Client secondment or internal seat during my training contract?

Dear Oracle

Client secondments seem to be an ever more popular part of training contracts at many commercial firms. What are the benefits of going on a client secondment over staying within the firm for the entire training contract?

The Oracle replies

Legal secondments offer a lawyer the opportunity to work for one of her or his firm's clients, typically for three to six months. The number of secondment opportunities being offered to trainees and junior lawyers has increased over the past few years. And while the nature of the secondment will differ depending on the size and type of organisation at which a secondee is placed, the broad benefits of completing a secondment in the early stages of a legal career are the same.

Grow as a lawyer

One of the biggest benefits is confidence – although it can be daunting to work within an in-house legal team, it is an opportunity to hone your skills and appreciate the significance of the law within a client's business. Your confidence will likely grow over the course of the secondment, as you become better placed to deal with legal matters and queries as they arise.

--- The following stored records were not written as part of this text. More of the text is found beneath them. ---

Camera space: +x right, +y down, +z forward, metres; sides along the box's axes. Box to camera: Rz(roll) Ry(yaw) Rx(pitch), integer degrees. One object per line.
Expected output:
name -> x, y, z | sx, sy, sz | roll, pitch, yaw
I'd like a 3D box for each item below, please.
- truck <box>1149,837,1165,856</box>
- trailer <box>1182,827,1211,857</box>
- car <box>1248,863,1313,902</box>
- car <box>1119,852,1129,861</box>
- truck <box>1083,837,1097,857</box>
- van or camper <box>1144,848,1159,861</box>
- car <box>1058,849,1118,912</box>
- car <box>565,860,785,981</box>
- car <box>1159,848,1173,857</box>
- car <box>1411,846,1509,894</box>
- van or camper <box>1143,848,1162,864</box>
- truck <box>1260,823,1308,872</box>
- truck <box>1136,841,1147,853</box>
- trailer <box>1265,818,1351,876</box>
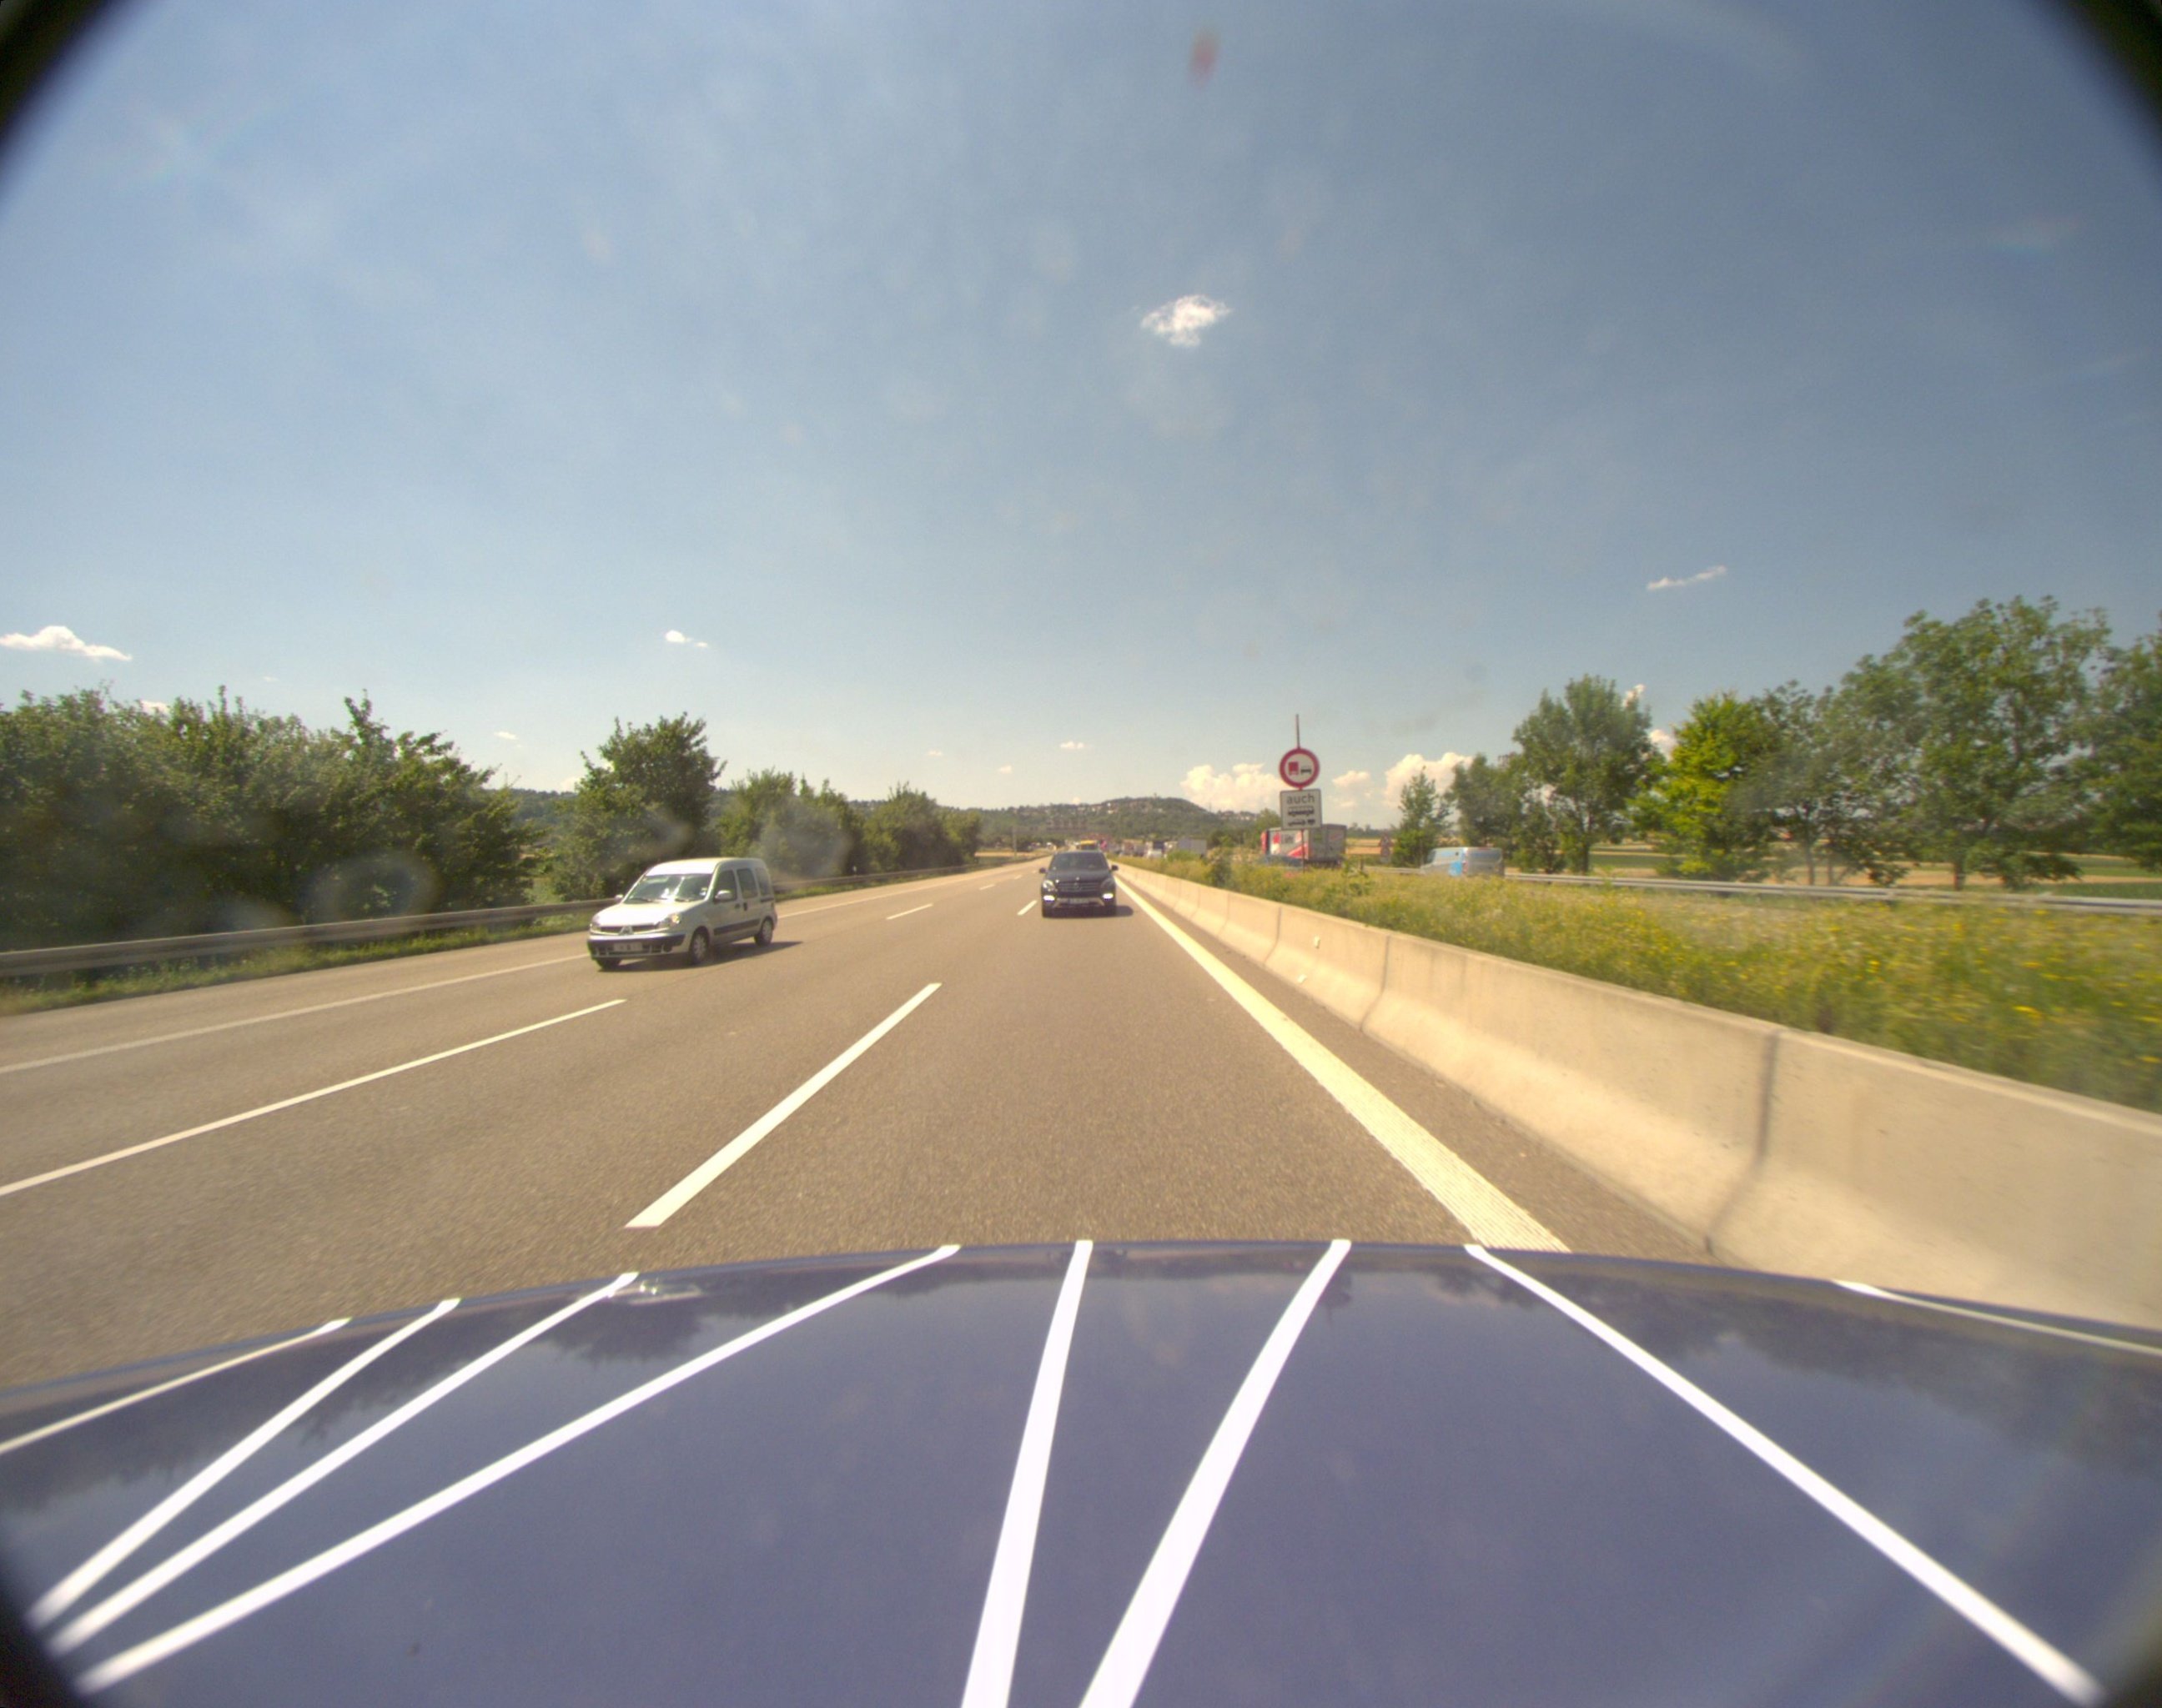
truck -> 17.967, -1.745, 180.388 | 2.599, 4.214, 14.121 | 2, 1, 1
trailer -> 17.556, -1.795, 116.364 | 2.890, 4.325, 13.642 | 0, 0, 2
car -> 8.753, 1.202, 33.737 | 1.766, 1.541, 4.727 | -1, 0, 2
car -> 10.449, 0.603, 185.437 | 1.998, 1.934, 4.794 | -1, 1, 0
truck -> 1.547, -1.304, 128.481 | 2.272, 3.139, 8.185 | -2, 2, 1
van or camper -> 12.671, 0.017, 136.432 | 2.099, 2.261, 5.493 | -1, 0, 0
car -> 0.239, 0.736, 23.042 | 1.630, 1.711, 3.864 | -1, 0, 1
car -> -6.922, 1.027, 13.498 | 1.630, 1.727, 3.972 | -2, 0, 1
car -> 12.960, -0.222, 115.984 | 1.621, 1.455, 3.864 | -1, 0, 0
car -> 16.734, 0.662, 33.851 | 1.766, 1.941, 5.117 | 1, 0, 0
van or camper -> 9.132, 0.239, 97.264 | 1.998, 1.922, 5.201 | -1, 0, 0
truck -> 16.682, -0.526, 62.712 | 2.863, 3.833, 4.000 | 0, 1, 1
truck -> 18.721, -2.163, 235.456 | 2.706, 3.599, 8.786 | 1, 1, 2
trailer -> 16.621, -0.484, 56.687 | 2.863, 3.833, 12.184 | 0, 0, 1

Understand the client’s business

The level of client contact during a secondment easily surpasses the exposure a trainee would gain in private practice. As a secondee works within the business and gains an appreciation for the way the business runs, they will better understand what a business requires from its legal advisers.

Client relationships

Third, the relationships formed during a secondment can be very useful in the future. A secondee can begin to establish a profile and reputation outside the boundaries of the firm. A good performance can lead to feedback that will prove invaluable in confirming and re-enforcing a secondee's ability to both the firm, its clients and the wider legal community.

With more companies establishing or growing their in-house legal teams, requests for secondees are likely to increase. From a company's perspective, secondments provide access to legal advice from a lawyer within their business who appreciates the commercial context in which that advice is sought. Firms benefit too, as their profile is raised within the client’s business, and the knowledge gained from a secondment can help firms to offer a more tailored service for a particular client.

If you are given the opportunity to undertake a client secondment, definitely take it. Going on secondment and becoming the lawyer who understands a particular client can make you the go-to person within the firm.